(Dataset entries)
========================================

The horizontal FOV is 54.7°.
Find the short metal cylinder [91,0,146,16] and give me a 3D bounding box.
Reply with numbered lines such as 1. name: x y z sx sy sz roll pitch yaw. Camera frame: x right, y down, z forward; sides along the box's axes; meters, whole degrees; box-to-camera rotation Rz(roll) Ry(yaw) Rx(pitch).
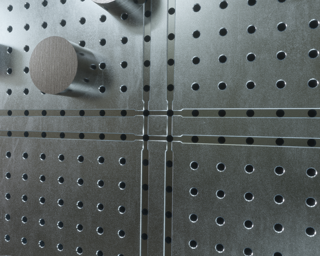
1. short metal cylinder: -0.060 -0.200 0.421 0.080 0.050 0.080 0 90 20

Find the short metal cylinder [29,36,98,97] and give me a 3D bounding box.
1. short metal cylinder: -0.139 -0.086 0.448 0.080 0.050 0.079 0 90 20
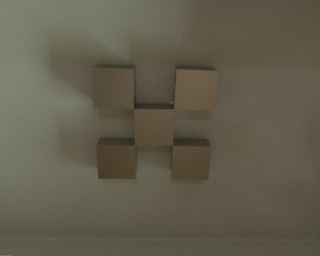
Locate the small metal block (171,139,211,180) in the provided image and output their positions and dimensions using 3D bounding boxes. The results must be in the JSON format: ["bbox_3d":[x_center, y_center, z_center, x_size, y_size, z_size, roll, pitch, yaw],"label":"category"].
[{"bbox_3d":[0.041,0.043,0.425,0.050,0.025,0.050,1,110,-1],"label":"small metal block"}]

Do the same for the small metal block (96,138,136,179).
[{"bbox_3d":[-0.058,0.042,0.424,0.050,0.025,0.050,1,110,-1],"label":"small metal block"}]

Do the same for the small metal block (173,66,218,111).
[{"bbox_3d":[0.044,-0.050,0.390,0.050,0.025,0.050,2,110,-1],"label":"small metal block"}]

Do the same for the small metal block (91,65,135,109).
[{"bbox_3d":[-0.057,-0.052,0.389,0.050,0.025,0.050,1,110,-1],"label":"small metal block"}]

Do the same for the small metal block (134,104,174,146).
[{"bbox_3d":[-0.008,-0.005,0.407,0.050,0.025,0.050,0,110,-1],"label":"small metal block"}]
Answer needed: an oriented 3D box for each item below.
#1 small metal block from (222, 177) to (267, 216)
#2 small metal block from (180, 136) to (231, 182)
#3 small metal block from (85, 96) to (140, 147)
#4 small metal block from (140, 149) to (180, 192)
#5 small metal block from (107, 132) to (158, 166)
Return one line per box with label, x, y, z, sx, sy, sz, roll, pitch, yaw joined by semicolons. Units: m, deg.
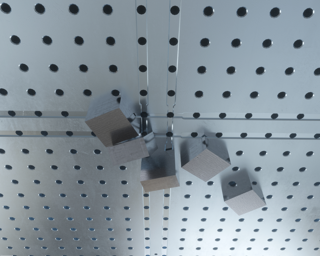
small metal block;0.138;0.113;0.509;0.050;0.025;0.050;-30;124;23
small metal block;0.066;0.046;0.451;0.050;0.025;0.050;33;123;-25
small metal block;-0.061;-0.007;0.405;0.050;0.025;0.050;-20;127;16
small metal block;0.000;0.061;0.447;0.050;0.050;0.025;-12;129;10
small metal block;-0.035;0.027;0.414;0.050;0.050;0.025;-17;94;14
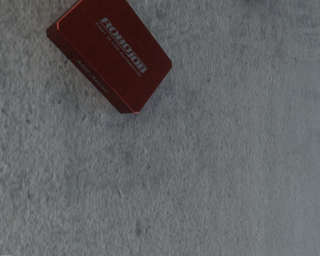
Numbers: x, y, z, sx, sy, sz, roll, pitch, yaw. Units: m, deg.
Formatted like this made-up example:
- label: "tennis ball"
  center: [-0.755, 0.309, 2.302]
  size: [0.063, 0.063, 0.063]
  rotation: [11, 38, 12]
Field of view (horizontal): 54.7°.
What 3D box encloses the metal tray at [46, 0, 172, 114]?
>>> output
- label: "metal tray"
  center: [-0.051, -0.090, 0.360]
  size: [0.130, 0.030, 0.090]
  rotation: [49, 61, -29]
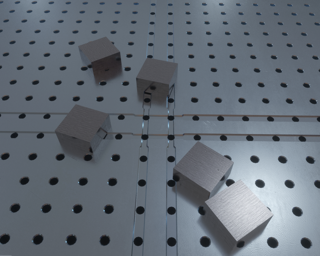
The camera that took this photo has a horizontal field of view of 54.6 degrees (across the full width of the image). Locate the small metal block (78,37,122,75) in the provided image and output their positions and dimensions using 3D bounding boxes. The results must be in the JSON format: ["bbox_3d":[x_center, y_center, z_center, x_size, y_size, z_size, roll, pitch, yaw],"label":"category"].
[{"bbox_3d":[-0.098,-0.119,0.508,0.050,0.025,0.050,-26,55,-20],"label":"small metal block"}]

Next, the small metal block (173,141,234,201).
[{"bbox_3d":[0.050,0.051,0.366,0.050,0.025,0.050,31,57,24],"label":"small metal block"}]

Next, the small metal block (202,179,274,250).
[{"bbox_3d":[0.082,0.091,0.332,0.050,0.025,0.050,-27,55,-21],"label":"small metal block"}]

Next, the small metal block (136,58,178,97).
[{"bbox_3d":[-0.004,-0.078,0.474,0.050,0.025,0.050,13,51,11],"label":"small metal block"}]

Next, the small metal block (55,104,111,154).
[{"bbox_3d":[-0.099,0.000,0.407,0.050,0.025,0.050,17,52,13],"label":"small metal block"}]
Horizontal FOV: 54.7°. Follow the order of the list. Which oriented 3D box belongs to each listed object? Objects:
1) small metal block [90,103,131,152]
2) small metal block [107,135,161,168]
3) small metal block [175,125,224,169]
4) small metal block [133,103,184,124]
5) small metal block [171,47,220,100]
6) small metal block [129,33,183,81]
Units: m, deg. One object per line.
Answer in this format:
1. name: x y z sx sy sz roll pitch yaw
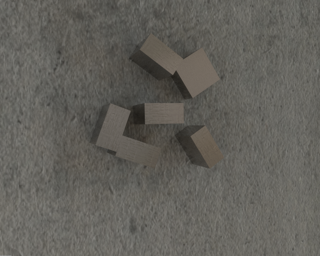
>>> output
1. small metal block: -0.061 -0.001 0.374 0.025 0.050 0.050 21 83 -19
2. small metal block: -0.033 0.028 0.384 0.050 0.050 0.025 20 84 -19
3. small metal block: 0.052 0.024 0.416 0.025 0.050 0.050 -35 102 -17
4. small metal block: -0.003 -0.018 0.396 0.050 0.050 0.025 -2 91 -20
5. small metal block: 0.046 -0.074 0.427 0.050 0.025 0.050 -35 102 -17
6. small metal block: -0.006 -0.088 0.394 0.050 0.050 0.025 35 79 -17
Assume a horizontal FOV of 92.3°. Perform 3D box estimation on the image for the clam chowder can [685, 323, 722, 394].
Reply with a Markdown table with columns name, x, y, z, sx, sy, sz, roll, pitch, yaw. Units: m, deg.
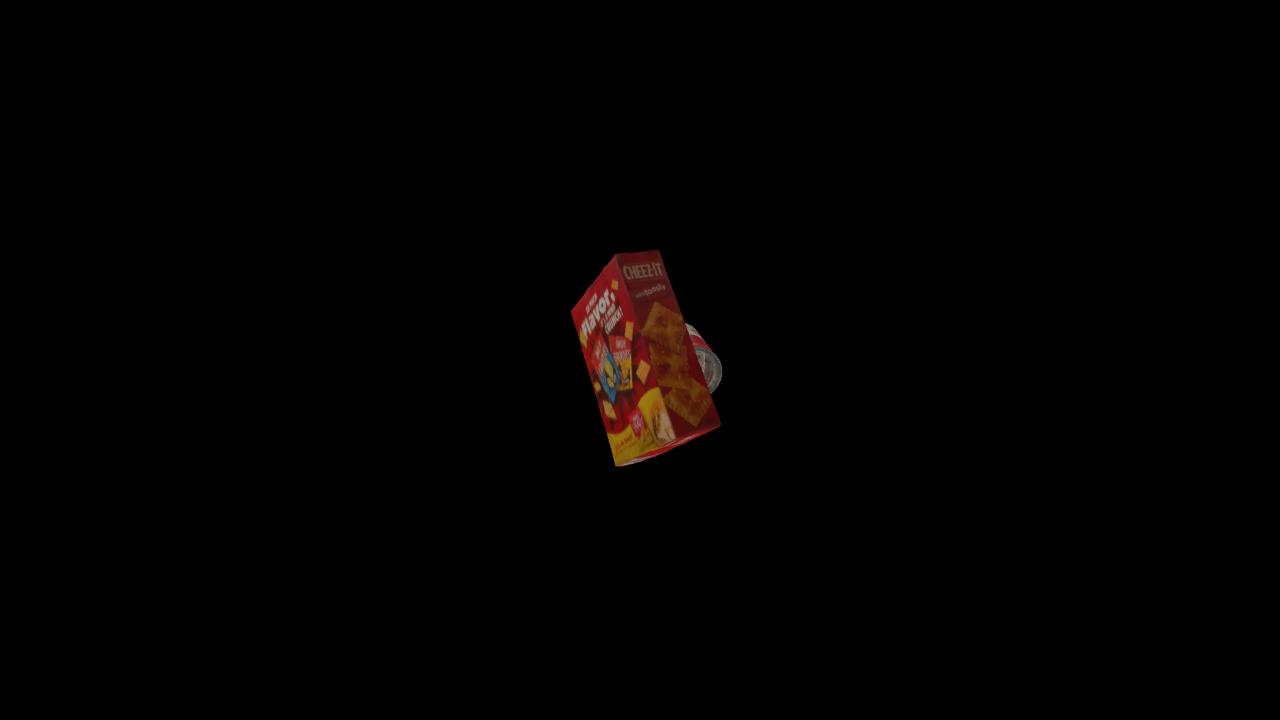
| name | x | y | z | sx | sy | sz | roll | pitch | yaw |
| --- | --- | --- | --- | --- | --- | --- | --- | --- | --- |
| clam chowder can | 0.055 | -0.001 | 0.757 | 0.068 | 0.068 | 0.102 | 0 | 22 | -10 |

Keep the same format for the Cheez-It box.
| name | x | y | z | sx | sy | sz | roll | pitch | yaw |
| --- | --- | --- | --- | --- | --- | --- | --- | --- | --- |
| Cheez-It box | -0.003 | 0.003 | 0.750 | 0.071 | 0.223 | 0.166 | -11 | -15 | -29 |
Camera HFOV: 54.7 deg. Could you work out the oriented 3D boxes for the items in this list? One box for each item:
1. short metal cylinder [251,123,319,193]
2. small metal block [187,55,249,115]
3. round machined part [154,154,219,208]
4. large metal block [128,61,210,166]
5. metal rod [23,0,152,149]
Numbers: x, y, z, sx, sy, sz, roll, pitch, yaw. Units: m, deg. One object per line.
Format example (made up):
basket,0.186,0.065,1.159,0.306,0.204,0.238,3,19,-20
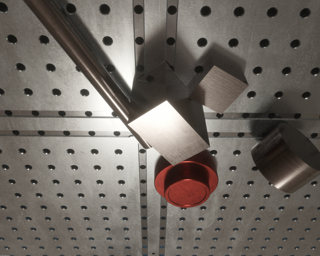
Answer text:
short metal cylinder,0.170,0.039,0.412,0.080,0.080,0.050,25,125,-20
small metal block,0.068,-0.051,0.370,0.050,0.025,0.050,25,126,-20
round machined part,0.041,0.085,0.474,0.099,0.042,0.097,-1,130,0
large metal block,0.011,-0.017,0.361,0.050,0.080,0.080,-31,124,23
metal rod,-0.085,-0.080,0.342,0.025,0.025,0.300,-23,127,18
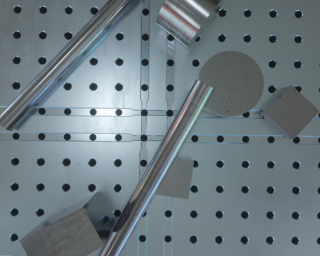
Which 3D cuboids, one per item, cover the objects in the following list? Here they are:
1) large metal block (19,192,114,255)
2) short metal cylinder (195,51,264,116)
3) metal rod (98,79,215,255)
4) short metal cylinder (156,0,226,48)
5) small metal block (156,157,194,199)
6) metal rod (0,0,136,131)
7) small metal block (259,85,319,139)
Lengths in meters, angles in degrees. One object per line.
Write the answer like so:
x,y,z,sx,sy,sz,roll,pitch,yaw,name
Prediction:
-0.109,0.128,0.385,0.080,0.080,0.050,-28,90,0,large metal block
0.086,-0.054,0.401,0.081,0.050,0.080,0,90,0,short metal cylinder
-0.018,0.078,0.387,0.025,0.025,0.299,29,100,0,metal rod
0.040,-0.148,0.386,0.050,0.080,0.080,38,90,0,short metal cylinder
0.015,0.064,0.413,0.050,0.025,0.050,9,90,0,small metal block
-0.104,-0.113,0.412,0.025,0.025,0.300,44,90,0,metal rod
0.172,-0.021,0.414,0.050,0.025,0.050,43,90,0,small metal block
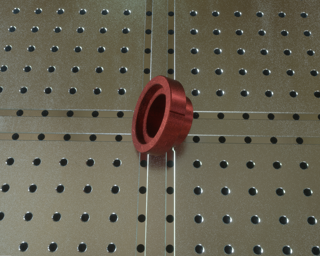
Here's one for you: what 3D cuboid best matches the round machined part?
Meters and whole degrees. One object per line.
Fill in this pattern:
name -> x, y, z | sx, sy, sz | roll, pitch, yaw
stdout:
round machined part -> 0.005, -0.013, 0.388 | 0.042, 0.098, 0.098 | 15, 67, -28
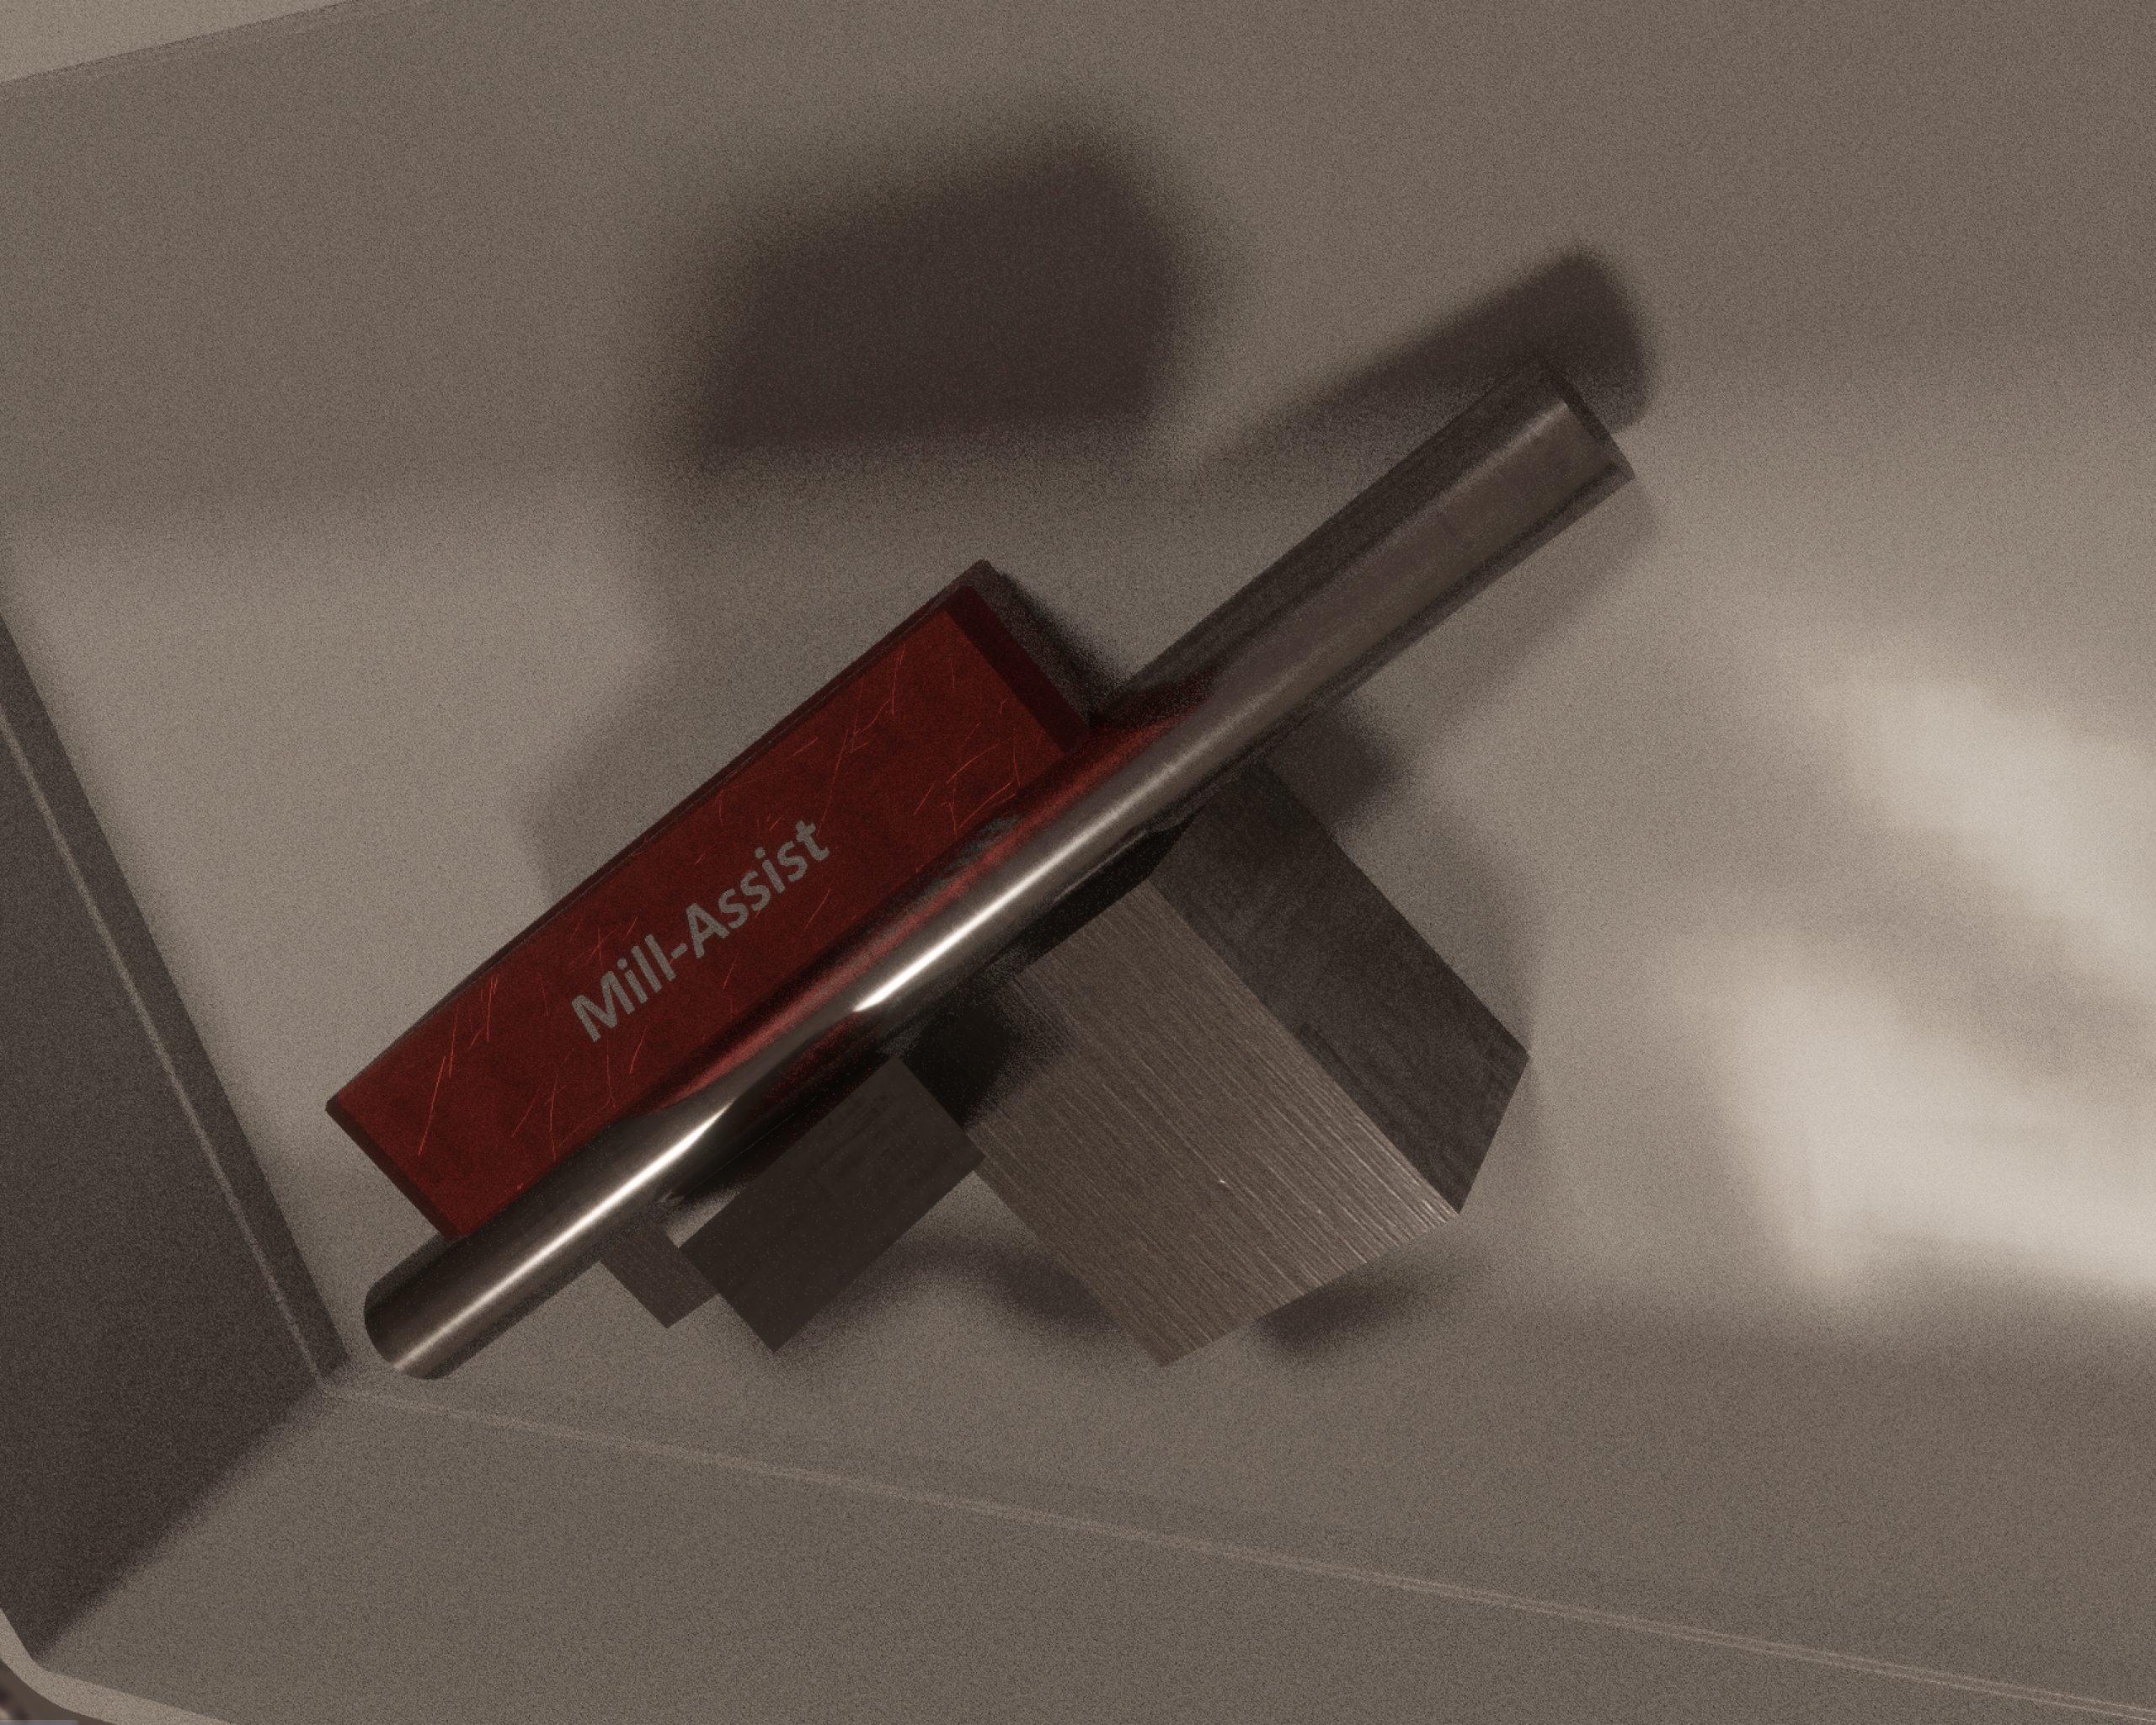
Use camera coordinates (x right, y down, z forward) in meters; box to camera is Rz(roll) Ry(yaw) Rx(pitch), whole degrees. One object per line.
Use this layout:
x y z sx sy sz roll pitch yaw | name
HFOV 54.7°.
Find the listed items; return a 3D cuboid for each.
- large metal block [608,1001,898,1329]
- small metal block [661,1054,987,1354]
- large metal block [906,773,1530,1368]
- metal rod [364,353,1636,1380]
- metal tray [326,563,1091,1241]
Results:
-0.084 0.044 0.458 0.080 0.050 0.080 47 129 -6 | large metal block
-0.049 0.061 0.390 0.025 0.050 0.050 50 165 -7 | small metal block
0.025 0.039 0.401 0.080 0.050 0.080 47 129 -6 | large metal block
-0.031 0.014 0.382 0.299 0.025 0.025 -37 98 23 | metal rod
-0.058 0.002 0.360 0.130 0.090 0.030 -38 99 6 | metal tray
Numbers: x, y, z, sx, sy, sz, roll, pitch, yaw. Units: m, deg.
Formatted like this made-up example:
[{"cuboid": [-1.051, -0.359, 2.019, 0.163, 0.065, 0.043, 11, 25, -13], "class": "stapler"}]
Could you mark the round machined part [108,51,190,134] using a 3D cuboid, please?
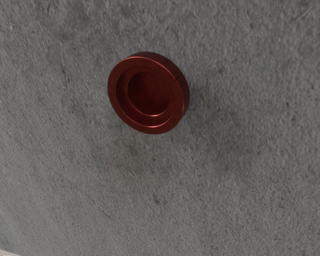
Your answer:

========================================

> **WHAT THE EXERCISE ASKS**: All lines above from the line with "Answer needed: an" through the line with "#5 small metal", both included, are to be set down exactly, with nothing else.

> **RESPONSE BOX**:
Answer needed: an oriented 3D box for each item below.
#1 small metal block from (222, 177) to (267, 216)
#2 small metal block from (180, 136) to (231, 182)
#3 small metal block from (85, 96) to (140, 147)
#4 small metal block from (140, 149) to (180, 192)
#5 small metal block from (107, 132) to (158, 166)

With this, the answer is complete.